寒暄声逐渐停歇,揽星河打了个手势,和书墨一前一后跑过长街,来到桑落城中心,这是一个十字路口,四条不同方向的街道汇聚于此。
书墨环视四周,仰头看着漂浮在半空之中的卷轴:“来这里干什么,你想再试试能不能觉醒灵相?”
上次在一星天,他亲眼目睹了卷轴灵力干涸的画面。
“我觉得我这么英俊一定有灵相,上次肯定是我沐浴灵光的姿势不对。”揽星河想了想,放下棺材,棺材会吸收外界的力量,万一抢走他要吸收的灵光就不好了。
书墨无语地翻了个白眼,自恋。
看着揽星河走近卷轴,书墨的心也不自觉地紧张起来,虽说他不觉得揽星河的话有道理,但在阴婚局中,揽星河表现出了超乎寻常的战力,他也很好奇揽星河能带给他更多惊喜。
卷轴的灵光汇聚成金色的缎带,向下延伸,汇注到揽星河身上。
每个宫主设置卷轴的手法不同,故而灵光的展现也会有细微差别,桑落城的卷轴灵光成飘逸的缎带状,环绕在周身,漂浮游动,好似仙女翩翩起舞。
这便是卯星宫主设置的卷轴。
卯星宫主司兔是星宫十二位宫主中最具传奇色彩的一位,她的灵相是小白兔,拥有这种可爱的灵相,她却是一个无比狂傲的人。
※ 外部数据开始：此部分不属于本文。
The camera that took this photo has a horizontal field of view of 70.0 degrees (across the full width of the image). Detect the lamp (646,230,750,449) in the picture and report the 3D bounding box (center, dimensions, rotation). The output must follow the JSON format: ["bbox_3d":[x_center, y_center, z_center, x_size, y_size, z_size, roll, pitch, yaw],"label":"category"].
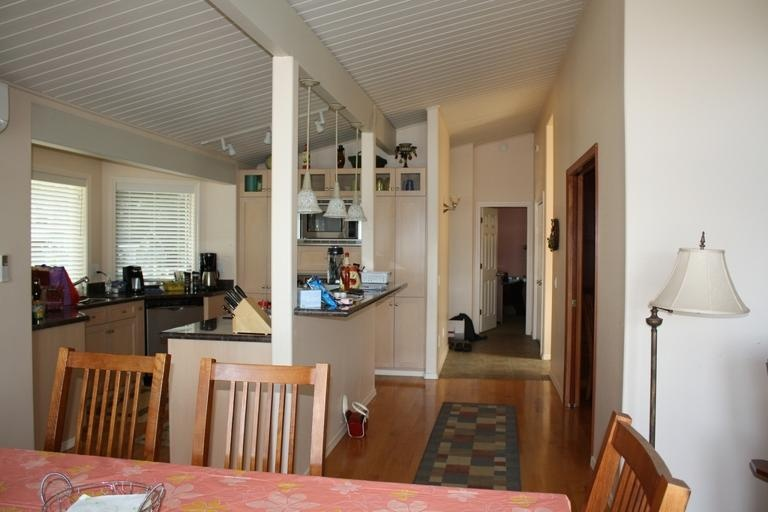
[{"bbox_3d":[1.994,0.628,3.555,0.541,1.514,0.580,1,5,26],"label":"lamp"}]

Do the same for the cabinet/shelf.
[{"bbox_3d":[-1.478,0.665,5.855,3.163,3.359,3.065,0,4,11],"label":"cabinet/shelf"}]

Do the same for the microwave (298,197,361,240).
[{"bbox_3d":[-0.728,-0.354,6.988,0.715,0.494,0.494,2,-1,1],"label":"microwave"}]

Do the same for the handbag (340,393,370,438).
[{"bbox_3d":[-0.282,1.578,5.374,0.229,0.356,0.360,-3,-5,10],"label":"handbag"}]

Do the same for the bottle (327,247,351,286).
[{"bbox_3d":[-0.459,0.083,5.203,0.186,0.346,0.255,-1,5,-6],"label":"bottle"}]

司兔出身云合渡微城,是守城大将的长女,年幼时就展露了超凡的作战才能,曾替父出征,半月连下星启十一城,一时间云荒大陆上都是她的传说,世人称她为云合第一女将军。
司兔有个诨号叫司十一,也是由此而来。
军报传到星启王都,帝王连夜纠集百官,派出一位八品小相皇才将其阻在嘉崇关外。
此一役战败并未让司兔气馁,在亲眼看到小相皇以一己之力阻拦几万大军后,她对修相者产生了深厚的兴趣,回到渡微城后,司兔第一时间就从军营卸职,独自前往十二岛仙洲。
一年之后,十二星宫为她破例,司兔成为唯一一个非张榜期间进入星宫的学子。
三年内连续突破到八品境界,司兔成为除不动天以外修炼速度最快的修相者,名震云荒大陆,是当之无愧的天之骄女。
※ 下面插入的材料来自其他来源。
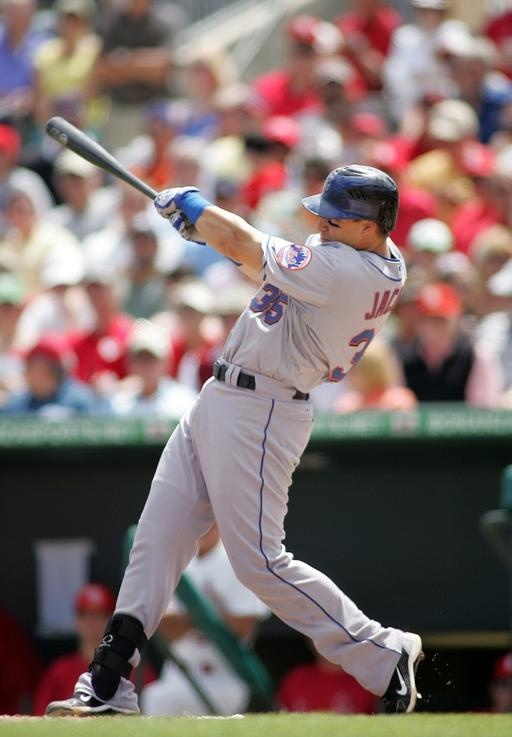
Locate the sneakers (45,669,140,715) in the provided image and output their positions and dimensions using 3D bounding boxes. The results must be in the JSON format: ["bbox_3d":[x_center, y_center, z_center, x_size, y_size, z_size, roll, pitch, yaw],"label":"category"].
[{"bbox_3d":[-0.385,0.799,2.410,0.280,0.089,0.106,6,77,-20],"label":"sneakers"}]

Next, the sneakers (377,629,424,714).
[{"bbox_3d":[0.357,0.766,2.533,0.086,0.115,0.222,-10,71,49],"label":"sneakers"}]
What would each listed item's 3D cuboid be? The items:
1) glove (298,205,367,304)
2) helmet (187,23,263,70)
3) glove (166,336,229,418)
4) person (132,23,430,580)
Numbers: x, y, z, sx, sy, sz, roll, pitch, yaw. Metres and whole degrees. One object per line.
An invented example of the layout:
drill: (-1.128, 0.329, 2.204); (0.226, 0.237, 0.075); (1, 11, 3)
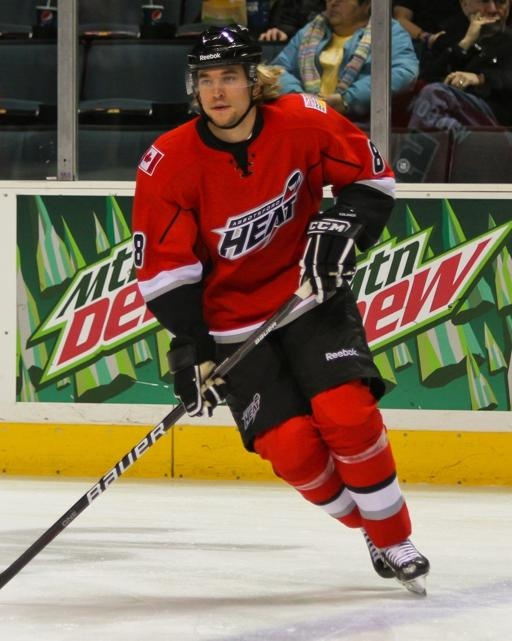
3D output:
glove: (0.196, -0.156, 1.950); (0.174, 0.207, 0.081); (6, -16, 27)
helmet: (-0.079, -0.649, 1.957); (0.144, 0.111, 0.150); (-6, -8, 28)
glove: (-0.146, 0.140, 1.956); (0.165, 0.185, 0.071); (-20, -12, 10)
person: (0.037, -0.042, 1.948); (0.672, 1.362, 0.364); (-1, -1, -6)

之后,司兔前往星启王朝,挑战曾使她退败的小相皇,生死局,司兔斩其于星启帝王面前,放言:“为将亦或者修相,我不输于任何人,无论男女。”
一战声名大噪。
有人赞其狂傲,有人嘲笑她不知天高地厚,叫她有本事就去不动天挑战。
司兔欣然应战,前往不动天挑战,还未近山门百里便被那位一指挑落云巅,自此回到星宫闭关,三年后再上不动天,又被挑落,三年又三年,风雨无阻,直到她成为星宫内十二位宫主之一,也未停止。
终于在十几年前,她登上了不动天,成为第一个和那位交手的修相者。
那位,可是当之无愧的世间最强,九品之上的神明。
书墨出神的时候,卷轴的灵光已经改变了形状,向下汇注的速度也肉眼可见的加快了十几倍,几乎是狂风暴雨般涌入揽星河的身体之中。
揽星河舒展眉头,再次吸收灵光比上一次更加得心应手,他深知能隐隐摸到一点关于灵相的讯息,并不是要觉醒的趋势,只是一种直觉。
他觉得。
这些灵光太过普通太过稀薄,根本不够资格为他开启灵相。
揽星河心里有了数,在卷轴第二次掉到他怀里的时候,他也没有惊讶,反手一扔就背起棺材:“书墨,快走!”
“你觉醒……你又把卷轴吸干了?!”
书墨人都傻了,一次是巧合,两次就不一定了:“揽星河,你到底是什么怪物?!”
“我?当然是未来的天下第一!”揽星河抬了抬下巴,意气风发,“你能抱到我这条大腿,可谓是祖坟冒青烟了,我建议你去上几炷香。”